Levenshtein distance with scrambling of characters?

Question

I am looking for a string comparison metric ala Levenshtein that will also work when the characters in the string have been scrambled up. Does anyone know of such a metric? It would also be great if there was a Python module that could calculate such a metric. Thanks!

Answer 1

您可以尝试difflib库，或者还有一个名为pylevenshtein的外部库。

Answer 2

Count the number of each type of character (using a HashMap or equivalent) then subtract the resultant values and take the absolute value of each subtraction. Add all those together, then divide by 2 (because you've double counted each difference).

Example:

banana
batman

a - 3 , 2 -> |1| -> 1
b - 1 , 1 -> |0| -> 0
m - 0 , 1 -> |-1| -> 1
n - 2 , 1 -> |1| -> 1
t - 0 , 1 -> |-1| -> 1

Therefore you have 1+1+1+1 = 4 -> 4/2 = 2

Check: In banana , change one n to a t and one a to an m (2 changes) and you have the letters in batman

If the strings are of different lengths, calculate the difference in length of the string, subtract that number from your difference count (above).

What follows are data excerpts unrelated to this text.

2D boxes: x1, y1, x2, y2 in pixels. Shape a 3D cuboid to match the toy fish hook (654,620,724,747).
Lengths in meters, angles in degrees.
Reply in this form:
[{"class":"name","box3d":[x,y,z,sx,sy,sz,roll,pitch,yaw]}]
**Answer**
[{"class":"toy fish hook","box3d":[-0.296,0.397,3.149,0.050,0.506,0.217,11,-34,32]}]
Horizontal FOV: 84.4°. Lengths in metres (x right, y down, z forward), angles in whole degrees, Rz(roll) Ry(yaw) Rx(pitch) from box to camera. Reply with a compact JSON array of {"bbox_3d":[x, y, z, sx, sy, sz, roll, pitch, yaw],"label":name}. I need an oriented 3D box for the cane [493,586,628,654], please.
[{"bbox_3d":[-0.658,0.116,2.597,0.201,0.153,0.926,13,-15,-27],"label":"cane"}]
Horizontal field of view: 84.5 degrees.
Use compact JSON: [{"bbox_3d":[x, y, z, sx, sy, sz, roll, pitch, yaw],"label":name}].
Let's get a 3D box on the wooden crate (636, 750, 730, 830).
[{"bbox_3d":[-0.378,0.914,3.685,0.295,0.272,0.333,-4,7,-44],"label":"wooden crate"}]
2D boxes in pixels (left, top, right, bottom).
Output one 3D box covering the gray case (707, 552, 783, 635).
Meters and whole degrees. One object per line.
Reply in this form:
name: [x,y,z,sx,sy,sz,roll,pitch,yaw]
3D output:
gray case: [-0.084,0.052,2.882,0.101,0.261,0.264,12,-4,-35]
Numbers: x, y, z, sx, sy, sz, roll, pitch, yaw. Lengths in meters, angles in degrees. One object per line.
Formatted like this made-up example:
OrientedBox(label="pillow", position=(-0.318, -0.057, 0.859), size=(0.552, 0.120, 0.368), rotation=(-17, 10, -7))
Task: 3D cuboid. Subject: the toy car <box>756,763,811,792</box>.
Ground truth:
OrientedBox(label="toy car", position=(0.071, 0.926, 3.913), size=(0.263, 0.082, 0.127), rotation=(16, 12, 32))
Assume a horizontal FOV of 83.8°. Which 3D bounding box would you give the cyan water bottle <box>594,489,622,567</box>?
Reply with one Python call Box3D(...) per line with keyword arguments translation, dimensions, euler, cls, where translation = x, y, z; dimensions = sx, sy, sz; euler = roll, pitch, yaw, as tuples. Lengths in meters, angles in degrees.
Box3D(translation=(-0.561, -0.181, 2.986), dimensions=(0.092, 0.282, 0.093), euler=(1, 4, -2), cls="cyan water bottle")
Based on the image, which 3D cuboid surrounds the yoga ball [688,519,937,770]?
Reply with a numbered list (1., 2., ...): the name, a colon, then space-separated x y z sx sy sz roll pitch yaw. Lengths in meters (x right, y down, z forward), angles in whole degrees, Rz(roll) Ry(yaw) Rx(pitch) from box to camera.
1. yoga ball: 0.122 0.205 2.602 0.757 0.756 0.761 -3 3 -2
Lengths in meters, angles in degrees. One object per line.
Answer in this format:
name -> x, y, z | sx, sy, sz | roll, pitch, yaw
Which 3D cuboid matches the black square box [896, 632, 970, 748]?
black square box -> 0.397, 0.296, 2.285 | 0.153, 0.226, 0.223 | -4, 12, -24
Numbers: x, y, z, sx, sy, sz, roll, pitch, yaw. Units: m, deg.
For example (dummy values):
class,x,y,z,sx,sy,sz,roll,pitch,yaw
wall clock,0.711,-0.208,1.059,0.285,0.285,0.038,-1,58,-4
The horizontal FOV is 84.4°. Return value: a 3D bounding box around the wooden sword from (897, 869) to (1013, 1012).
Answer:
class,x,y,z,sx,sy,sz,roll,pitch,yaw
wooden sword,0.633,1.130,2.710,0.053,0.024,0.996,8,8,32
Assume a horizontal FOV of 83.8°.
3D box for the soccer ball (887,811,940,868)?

Then divide by 2, then add that number back.

Example:

nab
banana

total difference count: 3
3 - 3 = 0 -> 0 / 2 = 0 -> 0 + 3 = 3

Also I wouldn't use Levenshtein at all here because a lot of the difficulty with that problem is positioning, which you don't care about.

Answer 3

The dynamic programing solution of levenstien distance can be edited simply to catch pair wise scrambling for eg delhi, dehli and give this less weightage compared to coresponding substitutions or additions or deletions.

Edit: This algorithm already exists and is named as Damerau–Levenshtein distance . Searching on this algorithm will give you a Python package which you can use directly.